▶ [What is required] From the data below, retype exactly the lines starting with the one that contains "-0.075, 0.075, -0.075])" and ending with the one that contains "for name, color, linetype", both included.

----

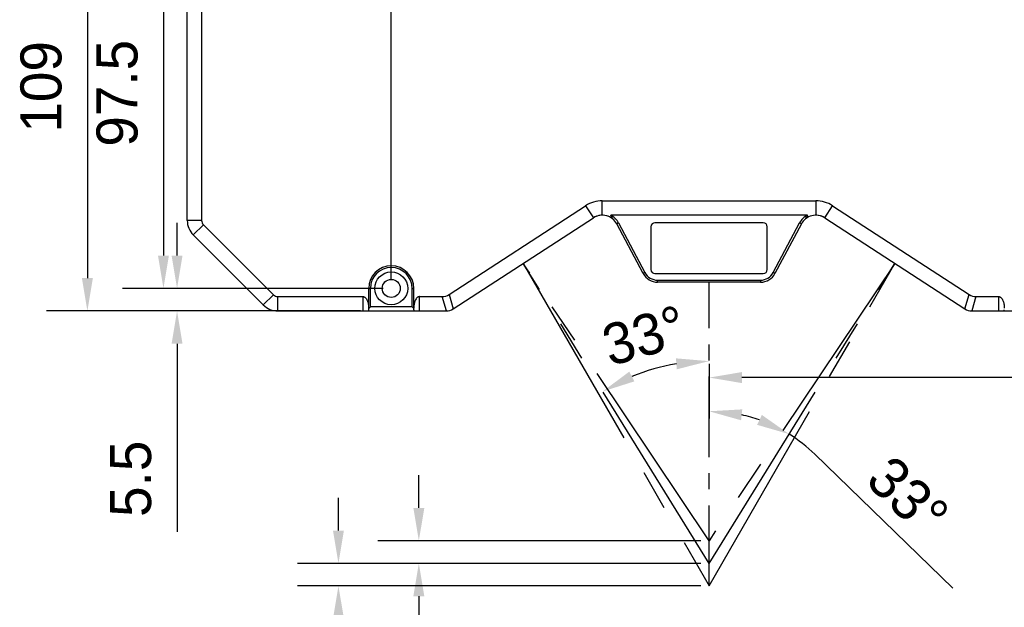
# Model space of a CAD drawing. Header units: millimetres. Extents: x -151 to 9, y 196 to 376.
# Tile 7 of 13: x -84 to -24, y 239 to 275. Entities that reach past the tile are written whole.
import ezdxf

# ---------------------------------------------------------------- set-up
doc = ezdxf.new("R2010")
doc.units = ezdxf.units.MM
doc.header["$LTSCALE"] = 65.395
doc.header["$PDMODE"] = 3
doc.header["$PDSIZE"] = 8
doc.linetypes.add('CENTER', pattern=[0.6, 0.375, -0.075, 0.075, -0.075])
doc.layers.get('0').update_dxf_attribs({"linetype": 'CONTINUOUS'})
doc.layers.get('Defpoints').update_dxf_attribs({"linetype": 'CONTINUOUS'})
for name, color, linetype in [('00_COMPONENTS', 7, 'CONTINUOUS'), ('50_ALL_DETAILS', 7, 'CONTINUOUS'), ('51__DRAFT_DIMS', 7, 'CONTINUOUS')]:
    doc.layers.add(name, color=color, linetype=linetype)
doc.layers.add('7标注层', color=4, linetype='CONTINUOUS', lineweight=35)
doc.styles.get("Standard").update_dxf_attribs({"font": '兰亭黑 GBK.TTF', "height": 2.5})
doc.dimstyles.new('DIMSTYLE_1', dxfattribs={"dimtxt": 8, "dimasz": 2, "dimexe": 2.5, "dimexo": 0.5, "dimgap": 0.75, "dimtad": 1, "dimlfac": 4, "dimdsep": 46, "dimtxsty": 'STANDARD', "dimblk": '_FILLED', "dimblk1": '_FILLED', "dimblk2": '_FILLED', "dimcen": 0.09, "dimclrd": 8, "dimclre": 8, "dimclrt": 256, "dimazin": 2, "dimtp": 0.3, "dimtm": 0.3, "dimtfac": 1, "dimtofl": 0, "dimtmove": 0, "dimatfit": 3, "dimldrblk": '_FILLED', "dimfxl": 1, "dimtolj": 1, "dimarcsym": 0})

# ---------------------------------------------------------------- blocks, each defined once
blk = doc.blocks.new('_FILLED')
at = {"color": 0, "linetype": 'ByBlock'}
blk.add_solid([(0, 0), (-1, 0.167), (-1, -0.167)], dxfattribs=at)
blk = doc.blocks.new('*D14')
at = {"layer": '51__DRAFT_DIMS', "color": 8, "lineweight": -2}
for p, q in [((-51.507, 284.051), (-82.033, 284.051)), ((-79.533, 282.051), (-79.533, 258.801)), ((-68.427, 256.801), (-82.033, 256.801))]:
    blk.add_line(p, q, dxfattribs=at)
at = {"layer": 'Defpoints', "color": 0}
for p in [(-51.007, 284.051), (-79.533, 256.801), (-67.927, 256.801)]:
    blk.add_point(p, dxfattribs=at)
at = {"layer": '51__DRAFT_DIMS', "color": 8, "linetype": 'ByBlock', "lineweight": -2, "xscale": 2, "yscale": 2, "zscale": 2}
for p, rotation in [((-79.533, 284.051), 90), ((-79.533, 256.801), 270)]:
    blk.add_blockref('_FILLED', p, dxfattribs=dict(at, rotation=rotation))
at = {"layer": '51__DRAFT_DIMS', "insert": (-83.616, 270.451), "char_height": 2.5, "attachment_point": 2, "rotation": 90, "line_spacing_factor": 0.9}
blk.add_mtext('\\A1;109', dxfattribs=at)
blk = doc.blocks.new('*D19')
at = {"layer": '51__DRAFT_DIMS', "color": 8, "lineweight": -2}
for p, q in [((-61.007, 258.676), (-61.007, 288.261)), ((-49.757, 283.051), (-49.757, 288.261)), ((-51.757, 285.761), (-59.007, 285.761))]:
    blk.add_line(p, q, dxfattribs=at)
at = {"layer": 'Defpoints', "color": 0}
for p in [(-61.007, 285.761), (-49.757, 282.551), (-61.007, 258.176)]:
    blk.add_point(p, dxfattribs=at)
at = {"layer": '51__DRAFT_DIMS', "color": 8, "linetype": 'ByBlock', "lineweight": -2, "xscale": 2, "yscale": 2, "zscale": 2, "rotation": 180}
blk.add_blockref('_FILLED', (-61.007, 285.761), dxfattribs=at)
at = {"layer": '51__DRAFT_DIMS', "color": 8, "linetype": 'ByBlock', "lineweight": -2, "xscale": 2, "yscale": 2, "zscale": 2}
blk.add_blockref('_FILLED', (-49.757, 285.761), dxfattribs=at)
at = {"layer": '51__DRAFT_DIMS', "insert": (-55.405, 289.845), "char_height": 2.5, "attachment_point": 2, "line_spacing_factor": 0.9}
blk.add_mtext('\\A1;45', dxfattribs=at)
blk = doc.blocks.new('*D20')
at = {"layer": '51__DRAFT_DIMS', "color": 8, "lineweight": -2}
for p, q in [((-50.257, 282.551), (-77.396, 282.551)), ((-74.896, 280.551), (-74.896, 260.176)), ((-61.507, 258.176), (-77.396, 258.176))]:
    blk.add_line(p, q, dxfattribs=at)
at = {"layer": 'Defpoints', "color": 0}
for p in [(-49.757, 282.551), (-74.896, 258.176), (-61.007, 258.176)]:
    blk.add_point(p, dxfattribs=at)
at = {"layer": '51__DRAFT_DIMS', "color": 8, "linetype": 'ByBlock', "lineweight": -2, "xscale": 2, "yscale": 2, "zscale": 2}
for p, rotation in [((-74.896, 282.551), 90), ((-74.896, 258.176), 270)]:
    blk.add_blockref('_FILLED', p, dxfattribs=dict(at, rotation=rotation))
at = {"layer": '51__DRAFT_DIMS', "insert": (-78.979, 270.061), "char_height": 2.5, "attachment_point": 2, "rotation": 90, "line_spacing_factor": 0.9}
blk.add_mtext('\\A1;97.5', dxfattribs=at)
blk = doc.blocks.new('*D21')
at = {"layer": '51__DRAFT_DIMS', "color": 8, "lineweight": -2}
for p, q in [((-74.067, 260.176), (-74.067, 262.176)), ((-61.507, 258.176), (-76.567, 258.176)), ((-62.883, 256.801), (-76.567, 256.801)), ((-74.067, 254.801), (-74.067, 243.345))]:
    blk.add_line(p, q, dxfattribs=at)
at = {"layer": 'Defpoints', "color": 0}
for p in [(-74.067, 258.176), (-61.007, 258.176), (-62.383, 256.801)]:
    blk.add_point(p, dxfattribs=at)
at = {"layer": '51__DRAFT_DIMS', "color": 8, "linetype": 'ByBlock', "lineweight": -2, "xscale": 2, "yscale": 2, "zscale": 2}
for p, rotation in [((-74.067, 258.176), 270), ((-74.067, 256.801), 90)]:
    blk.add_blockref('_FILLED', p, dxfattribs=dict(at, rotation=rotation))
at = {"layer": '51__DRAFT_DIMS', "insert": (-78.15, 248.899), "char_height": 2.5, "attachment_point": 3, "rotation": 90, "line_spacing_factor": 0.9}
blk.add_mtext('\\A1;5.5', dxfattribs=at)
blk = doc.blocks.new('*D32')
at = {"layer": '7标注层', "color": 8, "lineweight": -2}
for p, q in [((-9.695, 273.474), (-9.695, 250.242)), ((-41.632, 253.586), (-41.632, 250.242)), ((-11.695, 252.742), (-39.632, 252.742)), ((-9.695, 252.742), (4.394, 252.742))]:
    blk.add_line(p, q, dxfattribs=at)
at = {"layer": 'Defpoints', "color": 0}
for p in [(-9.695, 273.974), (-41.632, 254.086), (-41.632, 252.742)]:
    blk.add_point(p, dxfattribs=at)
at = {"layer": '7标注层', "color": 8, "linetype": 'ByBlock', "lineweight": -2, "xscale": 2, "yscale": 2, "zscale": 2, "rotation": 180}
blk.add_blockref('_FILLED', (-41.632, 252.742), dxfattribs=at)
at = {"layer": '7标注层', "color": 8, "linetype": 'ByBlock', "lineweight": -2, "xscale": 2, "yscale": 2, "zscale": 2}
blk.add_blockref('_FILLED', (-9.695, 252.742), dxfattribs=at)
at = {"layer": '7标注层', "color": 0, "insert": (-1.65, 254.847), "char_height": 2.5, "attachment_point": 5}
blk.add_mtext('\\A1;127.75', dxfattribs=at)
blk = doc.blocks.new('*D33')
at = {"color": 8, "lineweight": -2}
for p, q in [((-59.326, 244.801), (-59.326, 246.801)), ((-42.132, 242.801), (-61.826, 242.801)), ((-42.132, 241.426), (-61.826, 241.426)), ((-59.326, 239.426), (-59.326, 229.522))]:
    blk.add_line(p, q, dxfattribs=at)
at = {"layer": 'Defpoints', "color": 0}
for p in [(-41.632, 242.801), (-59.326, 241.426), (-41.632, 241.426)]:
    blk.add_point(p, dxfattribs=at)
at = {"color": 8, "linetype": 'ByBlock', "lineweight": -2, "xscale": 2, "yscale": 2, "zscale": 2}
for p, rotation in [((-59.326, 242.801), 270), ((-59.326, 241.426), 90)]:
    blk.add_blockref('_FILLED', p, dxfattribs=dict(at, rotation=rotation))
at = {"insert": (-61.405, 232.674), "char_height": 2.5, "attachment_point": 5, "rotation": 90}
blk.add_mtext('\\A1;5.5', dxfattribs=at)
blk = doc.blocks.new('*D34')
at = {"color": 8, "lineweight": -2}
for p, q in [((-64.227, 243.426), (-64.227, 245.426)), ((-42.132, 241.426), (-66.727, 241.426)), ((-42.132, 240.051), (-66.727, 240.051)), ((-64.227, 238.051), (-64.227, 229.747))]:
    blk.add_line(p, q, dxfattribs=at)
at = {"layer": 'Defpoints', "color": 0}
for p in [(-41.632, 241.426), (-64.227, 240.051), (-41.632, 240.051)]:
    blk.add_point(p, dxfattribs=at)
at = {"color": 8, "linetype": 'ByBlock', "lineweight": -2, "xscale": 2, "yscale": 2, "zscale": 2}
for p, rotation in [((-64.227, 241.426), 270), ((-64.227, 240.051), 90)]:
    blk.add_blockref('_FILLED', p, dxfattribs=dict(at, rotation=rotation))
at = {"insert": (-66.305, 232.899), "char_height": 2.5, "attachment_point": 5, "rotation": 90}
blk.add_mtext('\\A1;5.5', dxfattribs=at)

msp = doc.modelspace()

# ---------------------------------------------------------------- linework, layer by layer
at = {"color": 8}
msp.add_line((-35.1764, 248.0686), (-26.7794, 239.9077), dxfattribs=at)
for radius, start, end in [(12.3172, 99.313596, 112.47462), (9.2631, 70.606745, 77.605039), (9.2631, 45.816822, 58.211783)]:
    msp.add_arc((-41.6323, 241.426), radius, start, end, dxfattribs=at)
at = {"layer": '00_COMPONENTS'}
for p, q in [((-73.4448, 262.3187), (-73.4448, 279.4082)), ((-72.5698, 279.4082), (-72.5698, 262.3187)), ((-57.4872, 257.8), (-49.162, 263.2064)), ((-49.162, 263.2064), (-48.6855, 262.4726)), ((-48.1408, 262.6339), (-48.1408, 263.5089)), ((-48.1408, 263.5089), (-35.1237, 263.5089)), ((-35.1237, 263.5089), (-35.1237, 262.6339)), ((-34.5791, 262.4726), (-34.1025, 263.2064)), ((-34.1025, 263.2064), (-25.7774, 257.8)), ((-57.2327, 256.922), (-48.6855, 262.4726)), ((-57.231, 256.922), (-48.6844, 262.4721)), ((-48.6849, 262.4729), (-48.6844, 262.4721)), ((-48.1117, 262.6335), (-48.1398, 262.6335)), ((-35.6391, 262.6339), (-47.6255, 262.6339)), ((-35.1248, 262.6335), (-35.1529, 262.6335)), ((-34.5802, 262.4721), (-34.5796, 262.4729)), ((-34.5802, 262.4721), (-26.0336, 256.922)), ((-34.5791, 262.4726), (-26.0319, 256.922)), ((-72.5698, 262.3187), (-73.4448, 262.3187)), ((-73.0787, 261.4348), (-72.46, 262.0536)), ((-72.46, 262.0536), (-68.1922, 257.7858)), ((-47.1475, 262.1621), (-47.2579, 262.1034)), ((-45.6511, 259.0815), (-47.2579, 262.1034)), ((-47.1475, 262.1621), (-45.5408, 259.1402)), ((-45.1823, 261.926), (-45.1823, 259.326)), ((-38.3323, 262.176), (-44.9323, 262.176)), ((-38.0823, 259.326), (-38.0823, 261.926)), ((-37.7238, 259.1402), (-36.1171, 262.1621)), ((-36.0067, 262.1034), (-37.6135, 259.0815)), ((-36.0067, 262.1034), (-36.1171, 262.1621)), ((-68.8109, 257.1671), (-73.0787, 261.4348)), ((-45.5408, 259.1402), (-45.6511, 259.0815)), ((-44.9323, 259.076), (-38.3323, 259.076)), ((-37.6135, 259.0815), (-37.7238, 259.1402)), ((-62.3823, 256.8666), (-62.3823, 258.176)), ((-62.3823, 258.176), (-62.2823, 258.176)), ((-62.2823, 257.051), (-62.2823, 258.176)), ((-59.7323, 257.051), (-59.7323, 258.176)), ((-59.7323, 258.176), (-59.6323, 258.176)), ((-59.6323, 256.8666), (-59.6323, 258.176)), ((-38.4959, 258.551), (-44.7687, 258.551)), ((-44.7686, 258.676), (-38.496, 258.676)), ((-44.7686, 258.5721), (-44.7686, 258.676)), ((-38.496, 258.676), (-38.496, 258.5722)), ((-68.1922, 257.7858), (-68.8109, 257.1671)), ((-67.927, 256.801), (-67.927, 257.676)), ((-67.927, 257.676), (-62.7323, 257.676)), ((-62.7323, 257.676), (-62.7323, 256.801)), ((-59.2823, 256.801), (-59.2823, 257.676)), ((-59.2823, 257.676), (-57.906, 257.676)), ((-57.6468, 256.801), (-57.906, 257.676)), ((-57.4872, 257.8), (-57.228, 256.925)), ((-26.0366, 256.925), (-25.7774, 257.8)), ((-25.3586, 257.676), (-25.6178, 256.801)), ((-25.3586, 257.676), (-23.9823, 257.676)), ((-23.9823, 257.676), (-23.9823, 256.801)), ((-62.2823, 257.051), (-62.3823, 256.951)), ((-59.7323, 257.051), (-62.2823, 257.051)), ((-59.7323, 257.051), (-59.6323, 256.951)), ((-57.2327, 256.922), (-57.2324, 256.921)), ((-26.0322, 256.921), (-26.0319, 256.922)), ((-67.927, 256.801), (-57.6412, 256.801)), ((-25.6234, 256.801), (-15.3376, 256.801))]:
    msp.add_line(p, q, dxfattribs=at)
for radius in [1, 0.55]:
    msp.add_circle((-61.0073, 258.176), radius, dxfattribs=at)
for centre, radius, start, end in [((-48.1408, 261.6339), 1.875, 90, 123), ((-35.1237, 261.6339), 1.875, 57, 90), ((-48.1408, 261.6339), 1, 28, 123), ((-48.1398, 261.6335), 1, 67.136115, 122.999995), ((-48.1408, 261.6339), 1.125, 27.9997, 62.733956), ((-35.1237, 261.6339), 1.125, 117.266044, 152.00021), ((-35.1237, 261.6339), 1, 57, 152), ((-35.1248, 261.6335), 1, 57, 89.939595), ((-72.1948, 262.3187), 1.25, 180, 225), ((-72.1948, 262.3187), 0.375, 180, 225), ((-44.9323, 261.926), 0.25, 90, 180), ((-38.3323, 261.926), 0.25, 0, 90), ((-61.0073, 258.176), 1.375, 0, 180), ((-61.0073, 258.176), 1.275, 0, 180), ((-44.9323, 259.326), 0.25, 180, 270), ((-38.3323, 259.326), 0.25, 270, 0), ((-44.7682, 259.551), 1, 207.999977, 269.971317), ((-44.7682, 259.551), 0.875, 207.999878, 269.973117), ((-38.4964, 259.551), 0.875, 270.028418, 332.000126), ((-38.4964, 259.551), 1, 270.028679, 332.000024), ((-46.9224, 258.5715), 2.1538, 359.454425, 0.015775), ((-36.3093, 258.5716), 2.1867, 179.983115, 180.54094), ((-67.927, 258.051), 0.375, 225, 270), ((-67.927, 258.051), 1.25, 225, 270), ((-57.6412, 257.551), 0.75, 270, 303), ((-57.6395, 257.551), 0.75, 270, 303), ((-25.6251, 257.551), 0.75, 237, 270), ((-25.6234, 257.551), 0.75, 237, 270), ((-64.9047, 256.8665), 2.5225, 358.510687, 0.000763), ((-57.1098, 256.8665), 2.5225, 179.999237, 181.489312), ((-26.1547, 256.8665), 2.5225, 358.510687, 0.000763)]:
    msp.add_arc(centre, radius, start, end, dxfattribs=at)
for centre, major_axis, ratio, start_param, end_param in [((-48.1408, 262.1036), (0, 0.822), 0.8206518, -1.182046, -0.869562), ((-35.1237, 262.1036), (0, 0.822), 0.8206518, 0.869562, 1.182046), ((-58.6036, 260.8001), (-0.9162, 3.093), 0.4805021, -3.2829742, -3.000211), ((-24.661, 260.8001), (0.9162, 3.093), 0.4805021, -3.2829743, -3.000211)]:
    msp.add_ellipse(centre, major_axis=major_axis, ratio=ratio, start_param=start_param, end_param=end_param, dxfattribs=at)
for points in [[(-62.7323, 257.676), (-62.7146, 257.676), (-62.679, 257.6704), (-62.6304, 257.6476), (-62.5879, 257.6151), (-62.5392, 257.5631), (-62.4911, 257.4878), (-62.4486, 257.3899), (-62.4179, 257.2877), (-62.3971, 257.183), (-62.3849, 257.0771), (-62.3823, 257.006), (-62.3823, 256.9705)], [(-59.2823, 257.676), (-59.3, 257.676), (-59.3356, 257.6704), (-59.3842, 257.6476), (-59.4267, 257.6151), (-59.4754, 257.5631), (-59.5235, 257.4878), (-59.566, 257.3899), (-59.5967, 257.2877), (-59.6175, 257.183), (-59.6296, 257.0771), (-59.6323, 257.006), (-59.6323, 256.9705)], [(-23.9823, 257.676), (-23.9646, 257.676), (-23.929, 257.6704), (-23.8804, 257.6476), (-23.8379, 257.6151), (-23.7892, 257.5631), (-23.7411, 257.4878), (-23.6986, 257.3899), (-23.6679, 257.2877), (-23.6471, 257.183), (-23.6349, 257.0771), (-23.6323, 257.006), (-23.6323, 256.9705)]]:
    msp.add_open_spline(points, degree=3, knots=[0, 0, 0, 0, 0.0623348, 0.1247384, 0.1872086, 0.2497186, 0.3746353, 0.499662, 0.6247288, 0.7498128, 0.8749048, 1, 1, 1, 1], dxfattribs=at)
at = {"layer": '50_ALL_DETAILS', "linetype": 'CENTER', "ltscale": 0.5}
for p, q in [((-41.6323, 242.801), (-52.9567, 259.6988)), ((-41.6323, 241.426), (-52.9567, 259.6988)), ((-52.9567, 259.6988), (-41.6323, 240.051)), ((-41.6323, 240.051), (-30.3078, 259.6988)), ((-41.6323, 241.426), (-30.3078, 259.6988)), ((-30.3078, 259.6988), (-41.6323, 242.801))]:
    msp.add_line(p, q, dxfattribs=at)
at = {"layer": '50_ALL_DETAILS', "linetype": 'CENTER', "ltscale": 0.2}
msp.add_line((-41.6323, 240.051), (-41.6323, 258.551), dxfattribs=at)

# ---------------------------------------------------------------- block references
at = {"color": 8, "xscale": 2, "yscale": 2, "zscale": 2}
for p, rotation in [((-41.6323, 253.7432), 4.656798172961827), ((-48.1208, 251.8956), 207.1314183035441), ((-41.6323, 250.689), 173.8025194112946), ((-36.7527, 249.2996), 334.4092640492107)]:
    msp.add_blockref('_FILLED', p, dxfattribs=dict(at, rotation=rotation))

# ---------------------------------------------------------------- texts
at = {"char_height": 2.5, "attachment_point": 5}
for insert, rotation in [((-45.5819, 255.2965), 15.894108), ((-29.511, 245.4975), 315.816822)]:
    msp.add_mtext('\\A1;33%%d', dxfattribs=dict(at, insert=insert, rotation=rotation))

# ---------------------------------------------------------------- dimensions: what is measured, and where the dimension line sits
for base, p1, p2, picture, middle in [((-59.3262, 241.426), (-41.6323, 242.801), (-41.6323, 241.426), '*D33', (-59.3262, 232.6736)), ((-64.2268, 240.051), (-41.6323, 241.426), (-41.6323, 240.051), '*D34', (-64.2268, 232.8991))]:
    dim = msp.add_linear_dim(base=base, p1=p1, p2=p2, angle=90, dimstyle='DIMSTYLE_1', override={"dimtxsty": 'STANDARD'})
    dim.commit()
    dim.dimension.update_dxf_attribs({"geometry": picture, "text_midpoint": middle, "dimtype": 160})
at = {"layer": '51__DRAFT_DIMS'}
for base, p1, p2, angle, picture, middle in [((-61.0073, 285.7614), (-49.7573, 282.551), (-61.0073, 258.176), 180, '*D19', (-55.405, 285.7614)), ((-79.533, 256.801), (-51.0073, 284.051), (-67.927, 256.801), 270, '*D14', (-79.533, 270.4509)), ((-74.8957, 258.176), (-49.7573, 282.551), (-61.0073, 258.176), 270, '*D20', (-74.8957, 270.0606)), ((-74.0672, 258.176), (-62.3831, 256.801), (-61.0073, 258.176), 90, '*D21', (-74.0672, 246.4973))]:
    dim = msp.add_linear_dim(base=base, p1=p1, p2=p2, angle=angle, dimstyle='DIMSTYLE_1', override={"dimtxsty": 'STANDARD'}, dxfattribs=at)
    dim.commit()
    dim.dimension.update_dxf_attribs({"geometry": picture, "text_midpoint": middle, "dimtype": 160})
at = {"layer": '7标注层', "color": 0}
dim = msp.add_linear_dim(base=(-41.6323, 252.7421), p1=(-9.6948, 273.9737), p2=(-41.6323, 254.0864), dimstyle='DIMSTYLE_1', override={"dimtxsty": 'STANDARD', "dimclrt": 0}, dxfattribs=at)
dim.commit()
dim.dimension.update_dxf_attribs({"geometry": '*D32', "text_midpoint": (-1.6503, 252.7421), "dimtype": 160})

doc.saveas('drawing.dxf')

----

▶ [Written solution]
doc.linetypes.add('CENTER', pattern=[0.6, 0.375, -0.075, 0.075, -0.075])
doc.layers.get('0').update_dxf_attribs({"linetype": 'CONTINUOUS'})
doc.layers.get('Defpoints').update_dxf_attribs({"linetype": 'CONTINUOUS'})
for name, color, linetype in [('00_COMPONENTS', 7, 'CONTINUOUS'), ('50_ALL_DETAILS', 7, 'CONTINUOUS'), ('51__DRAFT_DIMS', 7, 'CONTINUOUS')]:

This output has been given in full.